Icon is distributed with a standard library; most platforms also support a GUI library. The Icon distribution also includes example programs and documentation. Icon implementations are available free from the U. of Arizona ftp site.
INTERCAL
Language type: S - block-structured
Description:
Intercal is a compiled language deliberately designed to be convoluted, difficult to program, difficult to read, unlike all other languages, and yet still computationally complete.
The syntax of Intercal does not resemble any other computer language, but does in some respects resemble the appearance of a FORTRAN program recovered from a bad disk sector and then sent through a cheap fax. Only two primitive data types are supported: 16-bit and 32-bit unsigned integers. Intercal supports arrays, but no other data structures. Intercal provides exactly five primitive operations on data:
binary bit-level interleave
binary bit selection with packing
unary bit-wise and
unary bit-wise or
unary bit-wise exclusive-or
Strangely enough, this set of operators can be used to build normal integer arithmetic. Data-flow constructs in Intercal are similarly conventional, that is to say, unique. One kind of Goto is provided that pushes its return address onto a fixed-size stack. Mechanisms for disabling statement, both unconditionally and with fixed probability, are also provided. Later versions of Intercal also provide the unique 'Come From' statement. While Intercal does not support subroutines, a similar facility can be constructed with some effort.
Intercal does provide I/O, after a fashion. The original edition of the language could read and write only numbers, and had the interesting disability of being totally unable to read in its own output. Later versions of Intercal provide a bit-oriented I/O facility that based on a model of the differential movement of a Turing machine tape.
The Intercal reference defines a standard library for operations that are difficult to implement in the language, like addition, subtraction, multiplication, and random number generation.

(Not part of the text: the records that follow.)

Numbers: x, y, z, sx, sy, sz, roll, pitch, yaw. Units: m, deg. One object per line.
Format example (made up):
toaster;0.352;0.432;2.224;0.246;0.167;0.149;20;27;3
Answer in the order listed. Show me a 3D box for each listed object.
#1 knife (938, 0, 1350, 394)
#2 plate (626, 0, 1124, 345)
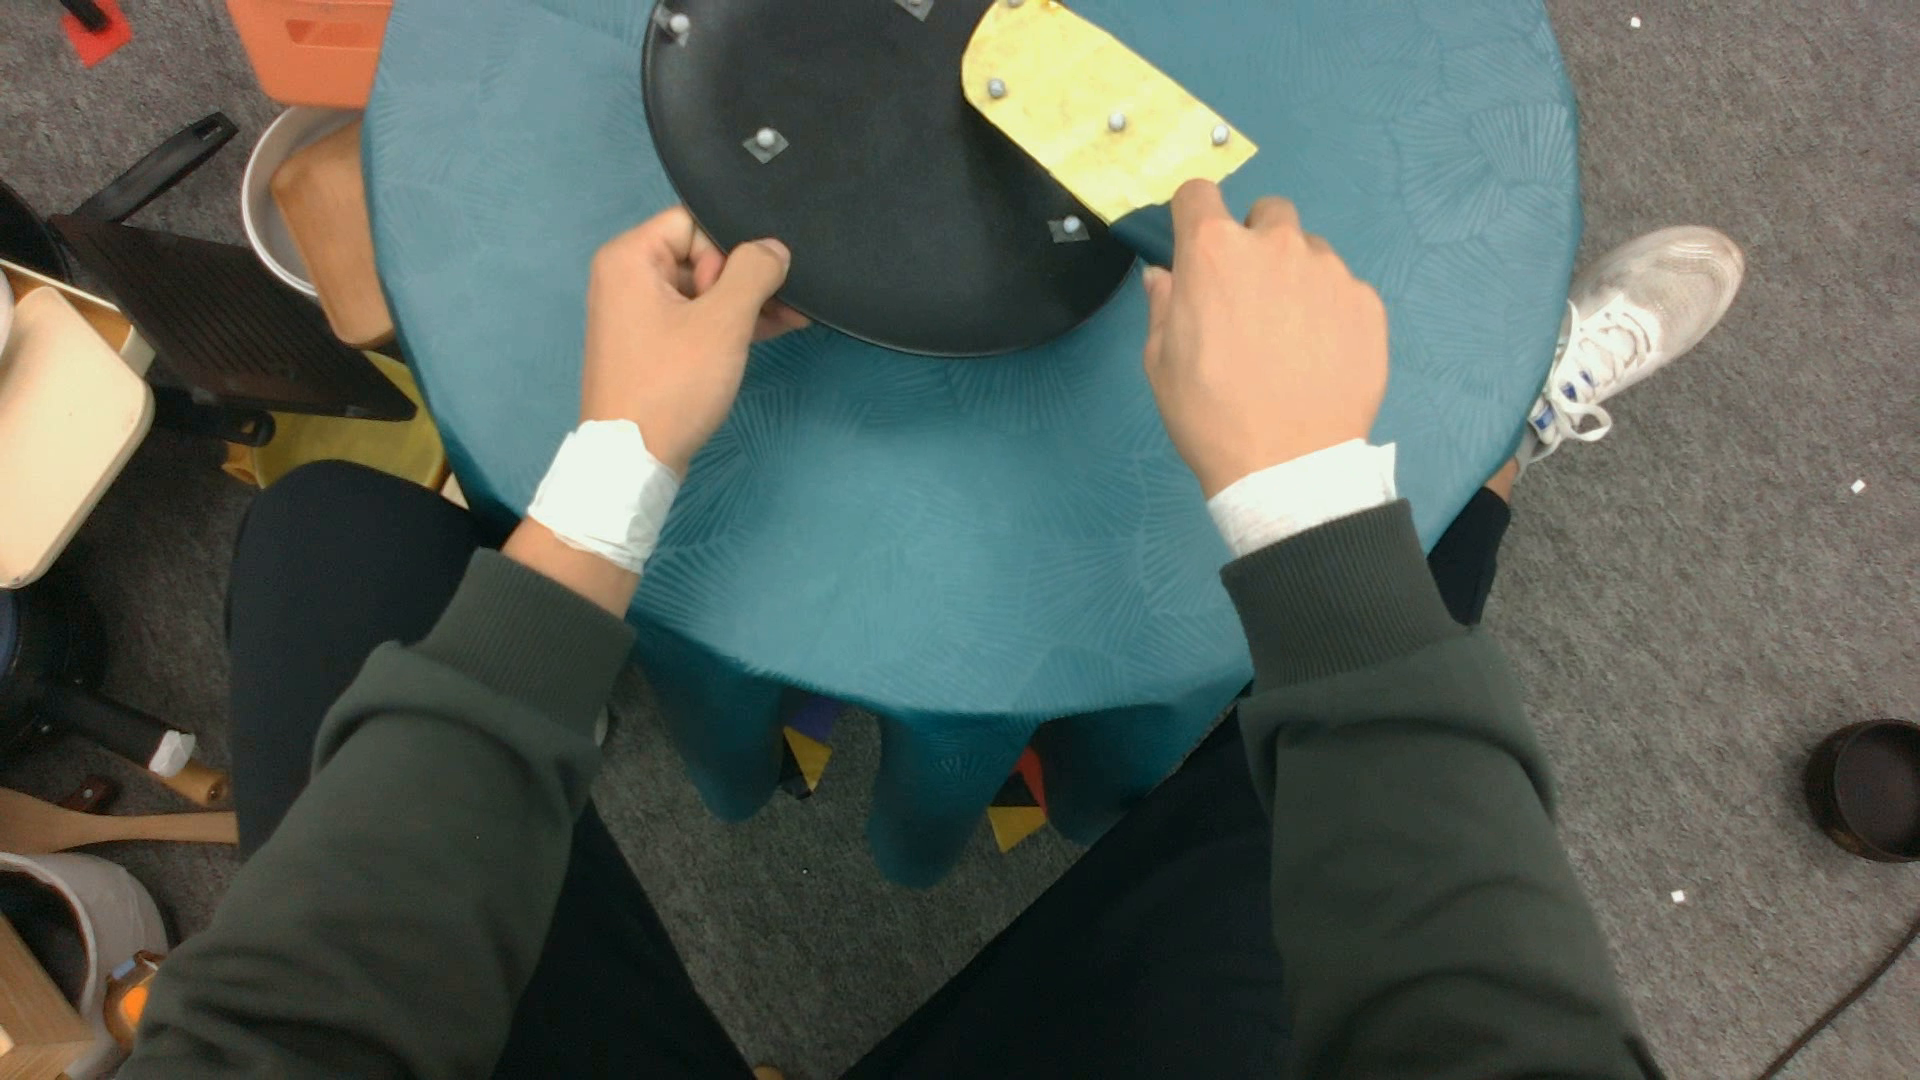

Intercal was originally implemented for IBM mainframes, but since about 1990 a version called C-Intercal has been available for Unix platforms. An implementation is also available for MS-DOS. Information about Intercal is freely available on the web, and documentation and sample programs are included with the distribution.
Interlisp
Language type: F - Functional or lambda-based
Description:
Interlisp was a dialect of Lisp, derived from BBNLisp, that was used for research at Xerox PARC. Various implementations were made for different computers, the most popular and influential of which was Interlisp-D.
Java
Language type: O - Object-oriented
Description:
Java is a simple, portable object-oriented language designed by research staff at Sun Microsystems. The feel of the Java language is fairly similar to that of C++, but it also borrows ideas from Modula-3, Mesa, and Objective-C.
The feature set of Java is fairly broad: it has inheritance, strong type checking, modularity (packages), exception handling, polymorphism, concurrency, dynamic loading of libraries, arrays, string handling, garbage collection, and a pretty extensive standard library. The newest version of the language, Java 1.2 (aka Java Platform 2), includes nested classes, persistence, and reflection as well as many additional standard libraries.
The fundamental structural component of a Java program is the class. All data and methods in Java are associated with some class, there is no 'global' data or functions as in C++. Classes can be members of packages; package and class membership help determine scope and visibility of data and methods.
Java does not include features that its designers felt would compromise the similicity or safety of the language, so Java has no true pointers, no true multiple inheritance, no operator overloading, and no macro preprocessor. The lack of multiple inheritance could have been a serious shortcoming, but Java does support the definition and interitance of multiple stateless "interfaces", which serve for most areas where multiple inheritance might be desired. Java also has no facility for generic functions, but since the language imposes a rooted class hierarchy (all object classes inherit from the root class 'Object'), any need for generics is greatly reduced.
Java 1.1 added powerful reflection and object class manipulation capabilities, and uses these to support object serialization I/O.
The Java standard library packages include extensive I/O facilities, a comprehensive GUI toolkit, collection classes, date/time support, cryptographic security classes, distributed computation support, and system interfaces.
Java is typically compiled to platform-independent byte-codes. These byte-codes must be interpreted by a Java Virtual Machine (JVM), which may choose to compile the byte-codes further into native machine instructions. There is a strict definition of the Java byte-code file format, the .class file format, which ensures portability of compiled Java classes.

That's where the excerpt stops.